Vittoria — Complete eBook

This eBook from the Gutenberg Project consists of approximately 730 pages of information about Vittoria — Complete.

Vittoria — Complete eBook

This eBook from the Gutenberg Project consists of approximately 730 pages of information about Vittoria — Complete.

She accused the heavens of injustice.

Pericles, prostrate on the floor, moaned that he was wounded.  She said, “Bleed to death!”
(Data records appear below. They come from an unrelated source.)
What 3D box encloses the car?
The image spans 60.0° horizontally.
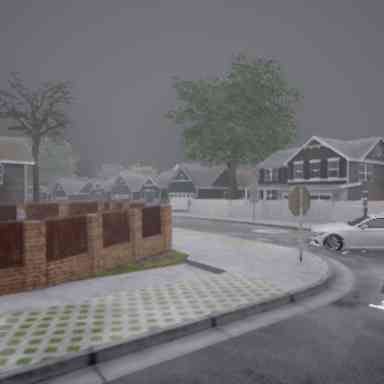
[{"bbox_3d":[6.918,1.516,12.423,4.674,1.442,1.812,0,1,20],"label":"car"}]
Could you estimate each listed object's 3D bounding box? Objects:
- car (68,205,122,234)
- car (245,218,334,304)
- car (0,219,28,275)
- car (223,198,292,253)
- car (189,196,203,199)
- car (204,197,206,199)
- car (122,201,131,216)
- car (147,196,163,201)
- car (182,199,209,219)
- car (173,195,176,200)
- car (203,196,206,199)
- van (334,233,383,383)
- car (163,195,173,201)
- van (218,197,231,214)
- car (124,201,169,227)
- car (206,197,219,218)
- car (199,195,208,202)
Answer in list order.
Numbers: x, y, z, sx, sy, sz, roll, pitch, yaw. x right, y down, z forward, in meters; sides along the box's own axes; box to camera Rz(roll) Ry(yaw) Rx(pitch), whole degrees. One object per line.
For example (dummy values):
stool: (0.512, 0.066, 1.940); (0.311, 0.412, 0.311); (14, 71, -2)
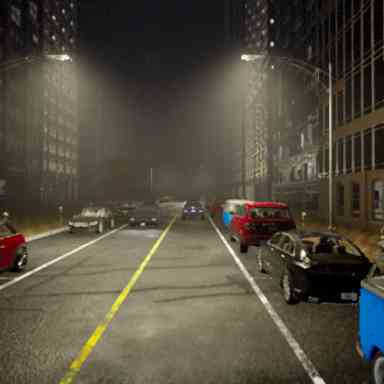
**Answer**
car: (-5.683, 1.559, 19.161); (2.008, 1.369, 4.403); (1, 0, 0)
car: (2.698, 1.555, 7.903); (2.008, 1.369, 4.403); (1, 0, 0)
car: (-5.681, 1.444, 7.875); (1.967, 1.590, 4.097); (1, 0, 0)
car: (2.700, 1.322, 13.545); (2.192, 1.841, 5.009); (1, 0, 0)
car: (0.099, 1.564, 45.978); (2.033, 1.411, 5.357); (0, 0, 0)
car: (2.697, 1.598, 41.752); (1.802, 1.307, 4.206); (1, 0, 0)
car: (-5.683, 1.563, 30.446); (2.008, 1.369, 4.403); (1, 0, 0)
car: (-5.683, 1.568, 47.374); (2.008, 1.369, 4.403); (1, 0, 0)
car: (0.101, 1.559, 28.838); (2.033, 1.411, 5.357); (0, 0, 0)
car: (-5.683, 1.541, 92.347); (1.752, 1.417, 4.829); (1, 0, 0)
car: (2.698, 1.542, 47.563); (1.752, 1.417, 4.829); (1, 0, 0)
van: (2.700, 1.343, 2.262); (1.690, 1.788, 3.998); (1, 0, 0)
car: (-5.683, 1.563, 69.945); (1.887, 1.381, 4.507); (1, 0, 0)
van: (2.700, 1.350, 19.187); (1.690, 1.788, 3.998); (1, 0, 0)
car: (-3.000, 1.588, 22.966); (2.033, 1.411, 5.357); (0, 0, 0)
car: (2.700, 1.327, 30.469); (2.192, 1.841, 5.009); (1, 0, 0)
car: (2.697, 1.568, 81.242); (2.008, 1.369, 4.403); (1, 0, 0)
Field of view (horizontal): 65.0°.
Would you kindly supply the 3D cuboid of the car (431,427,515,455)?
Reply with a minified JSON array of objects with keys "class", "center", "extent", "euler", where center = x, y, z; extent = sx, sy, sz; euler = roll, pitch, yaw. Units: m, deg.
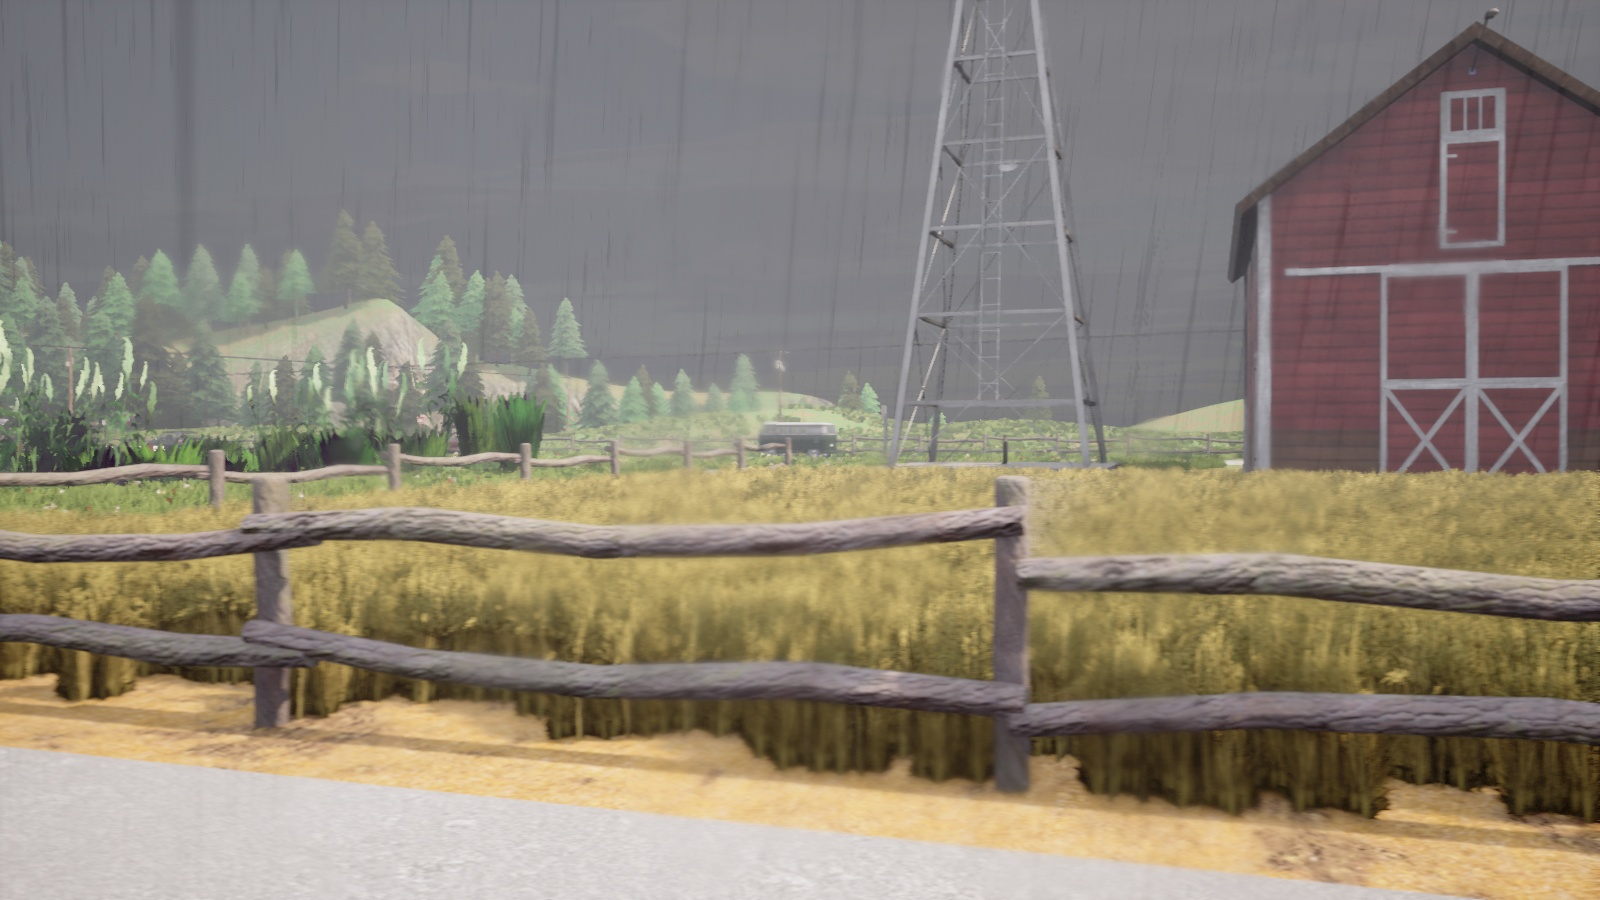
[{"class":"car","center":[-20.135,-0.557,77.325],"extent":[4.856,1.649,2.033],"euler":[1,1,24]}]

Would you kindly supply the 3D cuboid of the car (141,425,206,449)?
[{"class":"car","center":[-44.009,-0.908,88.222],"extent":[4.611,1.667,2.242],"euler":[1,1,36]}]

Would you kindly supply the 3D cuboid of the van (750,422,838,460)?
[{"class":"van","center":[-0.320,-0.518,68.406],"extent":[4.442,1.987,1.775],"euler":[1,1,24]}]
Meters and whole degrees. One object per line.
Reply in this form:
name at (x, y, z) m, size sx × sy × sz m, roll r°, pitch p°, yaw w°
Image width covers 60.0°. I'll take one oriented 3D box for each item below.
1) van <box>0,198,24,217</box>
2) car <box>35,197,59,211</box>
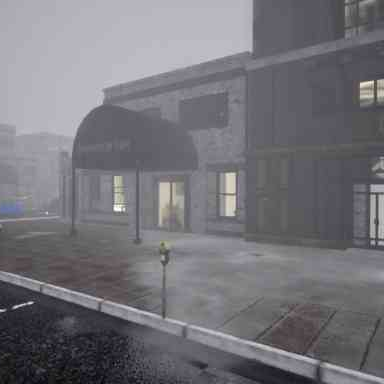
van at (-17.327, 1.415, 29.849) m, size 1.690 × 1.788 × 3.998 m, roll 0°, pitch 0°, yaw 35°
car at (-16.438, 1.413, 41.223) m, size 2.097 × 1.767 × 4.553 m, roll 0°, pitch 0°, yaw 35°
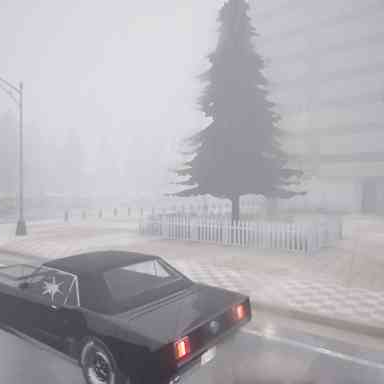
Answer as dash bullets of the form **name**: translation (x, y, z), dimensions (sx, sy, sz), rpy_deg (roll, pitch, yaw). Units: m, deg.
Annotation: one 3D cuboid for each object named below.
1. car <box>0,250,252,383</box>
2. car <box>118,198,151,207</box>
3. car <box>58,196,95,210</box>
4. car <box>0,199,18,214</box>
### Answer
- **car**: translation (-1.606, 1.601, 5.153), dimensions (4.718, 1.301, 1.895), rpy_deg (0, 0, 36)
- **car**: translation (-8.591, 1.547, 50.432), dimensions (2.033, 1.411, 5.357), rpy_deg (0, 0, 36)
- **car**: translation (-14.600, 1.352, 42.104), dimensions (2.097, 1.767, 4.553), rpy_deg (0, 0, 36)
- **car**: translation (-20.495, 1.478, 33.927), dimensions (1.882, 1.535, 5.008), rpy_deg (0, 0, 36)
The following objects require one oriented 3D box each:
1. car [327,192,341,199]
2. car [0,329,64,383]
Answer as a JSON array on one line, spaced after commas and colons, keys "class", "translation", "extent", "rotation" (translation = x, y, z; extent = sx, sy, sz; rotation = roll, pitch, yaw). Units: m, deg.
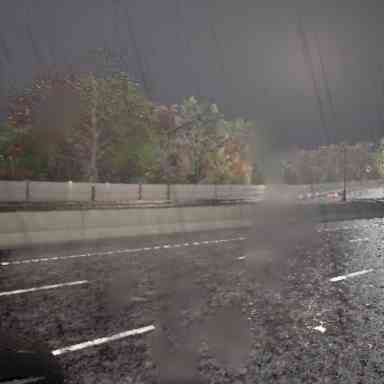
[{"class": "car", "translation": [36.007, 0.784, 85.033], "extent": [2.097, 1.767, 4.553], "rotation": [0, 1, 32]}, {"class": "car", "translation": [-3.185, 1.469, 1.469], "extent": [5.008, 1.535, 1.882], "rotation": [0, 0, -36]}]

“It is my soul, it is my soul is wounded for you, Sandra.”

“Dreadful craven man!” she muttered.

“When my soul is shaking for your safety, Sandra Belloni!” Pericles turned his ear up.  “For myself—­not; it is for you, for you.”

Assured of the cessation of arms by delicious silence he jumped to his feet.

“Ah! brutes to fight.  It is ‘immonde;’ it is unnatural!”

He tapped his finger on the walls for marks of shot, and discovered a shot-hole in the wood-work, that had passed an arm’s length above her head, into which he thrust his finger in an intense speculative meditation, shifting eyes from it to her, and throwing them aloft.

He was summoned to the presence of Count Karl, with whom he found Captain Weisspriess, Wilfrid, and officers of jagers and the Italian battalion.  Barto Rizzo’s wife was in a corner of the room.  Weisspriess met him with a very civil greeting, and introduced him to Count Karl, who begged him to thank Vittoria for the aid she had afforded to General Schoneck’s emissary in crossing the Piedmontese lines.  He spoke in Italian.  He agreed to conduct Pericles to a point on the route of his march, where Pericles and his precious prima donna—­“our very good friend,” he said, jovially—­could escape the risk of unpleasant mishaps, and arrive at Trent and cities of peace by easy stages.  He was marching for the neighbourhood of Vicenza.

A little before dawn Vittoria came down to the carriage.  Count Karl stood at the door to hand her in.  He was young and handsome, with a soft flowing blonde moustache and pleasant eyes, a contrast to his brother Count Lenkenstein.  He repeated his thanks to her, which Pericles had not delivered; he informed her that she was by no means a prisoner, and was simply under the guardianship of friends—­“though perhaps, signorina, you will not esteem this gentleman to be one of your friends.”  He pointed to Weisspriess.  The officer bowed, but kept aloof.  Vittoria perceived a singular change in him:  he had become pale and sedate.  “Poor fellow! he has had his dose,” Count Karl said.  “He is, I beg to assure you, one of your most vehement admirers.”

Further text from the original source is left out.